Without thinking, Staff Sergeant Reginald Crawley pulled himself closer to the goat. From his position, deep in the Belgian mud, the veteran of the Isosceles Campaign trained his hijacked Mauser 9mm pistol on the sharp end of the animal. He gently squeezed the trigger and the rampant creature dropped in a heap, like a dislodged mound of supermarket oranges.
As the cordite from his shot gradually dispersed, the six foot eight inch Welshman levered himself painfully to his feet, using the dead Billy Goat as a fulcrum. He reached into his jacket pocket for his hip flask and his packet of Chesterfields. Twelve swigs later, coughing loudly and cursing at a nearby otter, the relieved soldier zipped up his khaki trousers and steadied himself for the long trek home.
One could only hope for a glimmer of a chance to look into the tortured psyche of the once mentally stable S/Sgt Crawley. Every now and again smoke would leak out of his left ear and waft its way, almost apologetically, past his walrus moustache and up into his nostril.
(It doesn`t really matter which one at this stage.)
Earlier that day, Wing Commander Guy Farnsworth had spotted a wildly bucking white and brown-coloured goat, from an altitude of 13 500ft.

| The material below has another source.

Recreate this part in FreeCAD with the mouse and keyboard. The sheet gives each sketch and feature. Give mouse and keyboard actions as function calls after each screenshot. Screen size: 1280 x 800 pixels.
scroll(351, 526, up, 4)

The rather cocky young pilot had suggested that the Home Guard send out a team to investigate. They did. Crawley was the only survivor of that team.

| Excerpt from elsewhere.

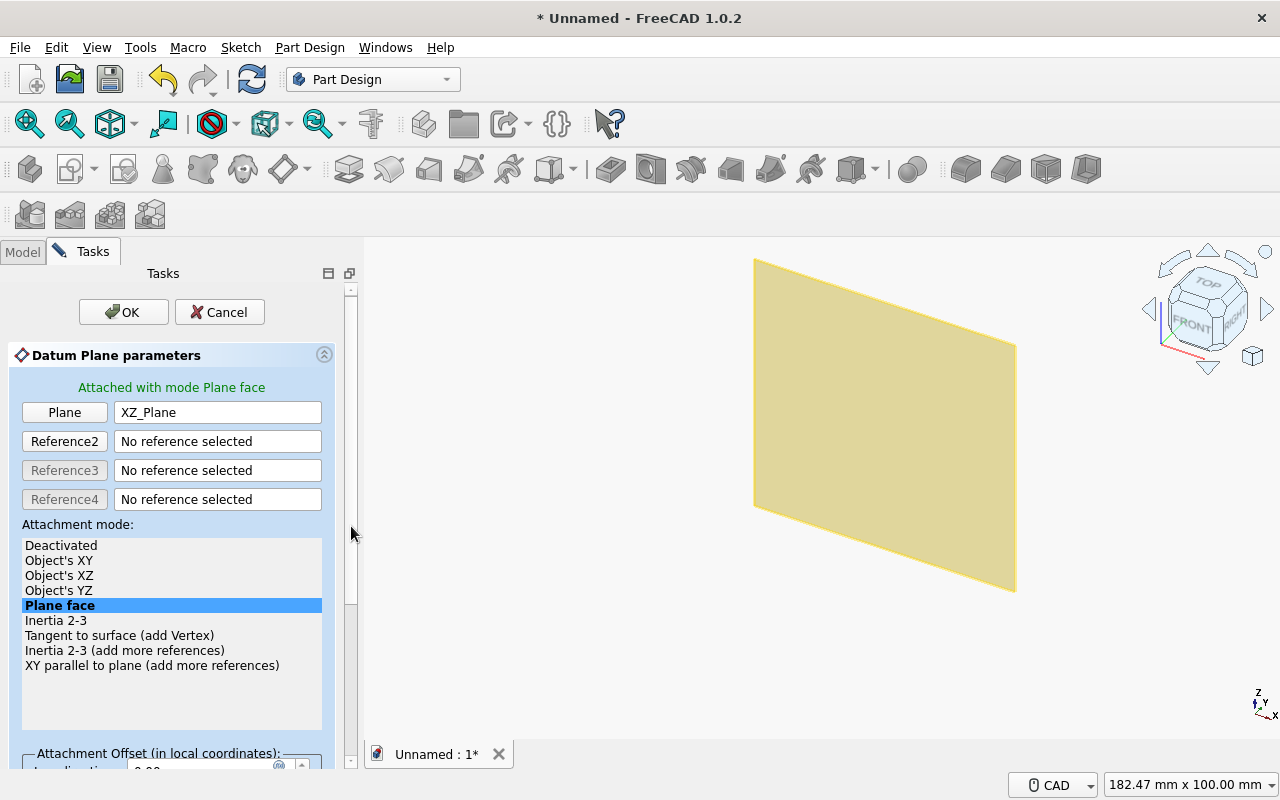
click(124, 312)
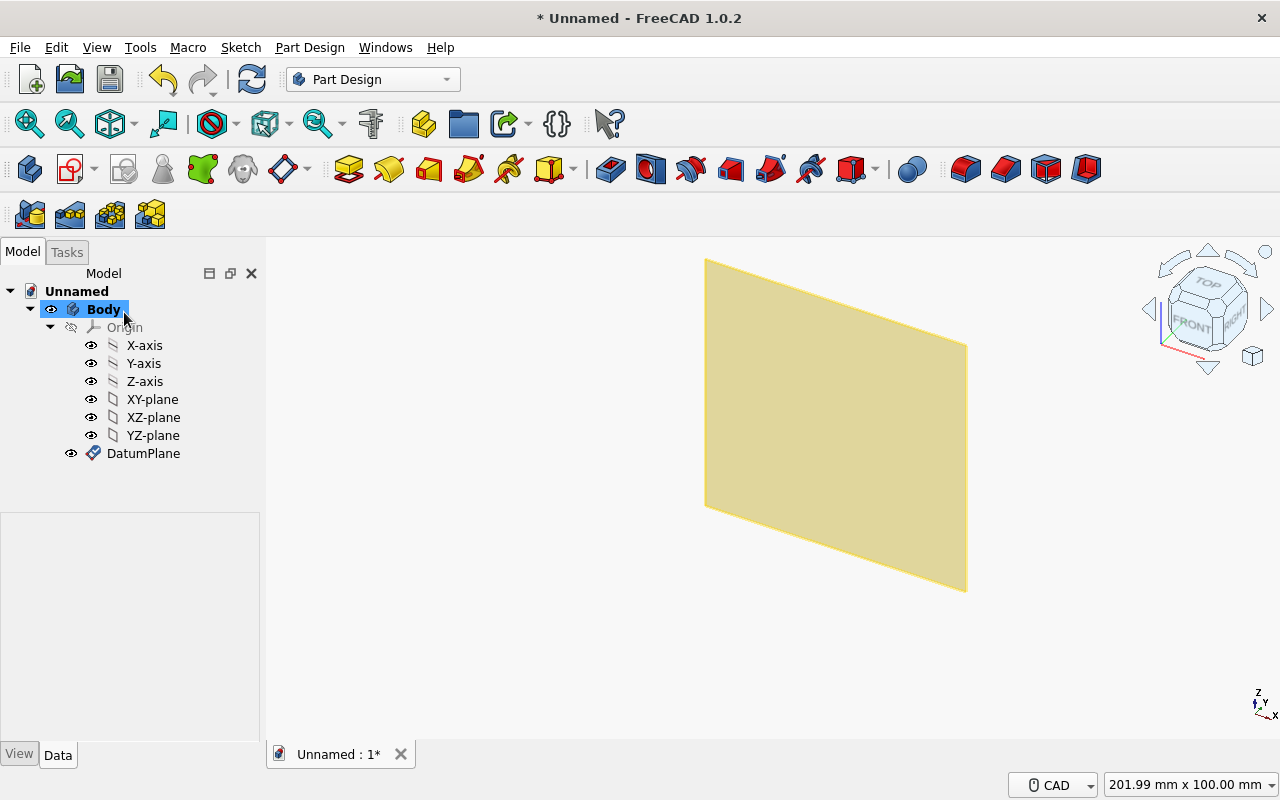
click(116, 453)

Farnsworth had noted in his Pilot`s Logbook that the goat had appeared to be butting people from all walks of life and all colours and religions. Not, in his words, `a matter to be taken lightly. `
His pen had run out at that stage and so the rest of what he had written was indecipherable.
I have it on good authority though, that one of Wing Commander Guy Farnsworth`s legs was shorter than the other.
The call had come through to the Staff Sergeant at about 2.15pm on that quaint summer’s afternoon in rural Belgium. The blue gums were blueing and the weeping willows weeping as Crawley replaced the field telephone`s receiver and waddled off to the bathroom, in answer to his earlier foray into a Belgian curry.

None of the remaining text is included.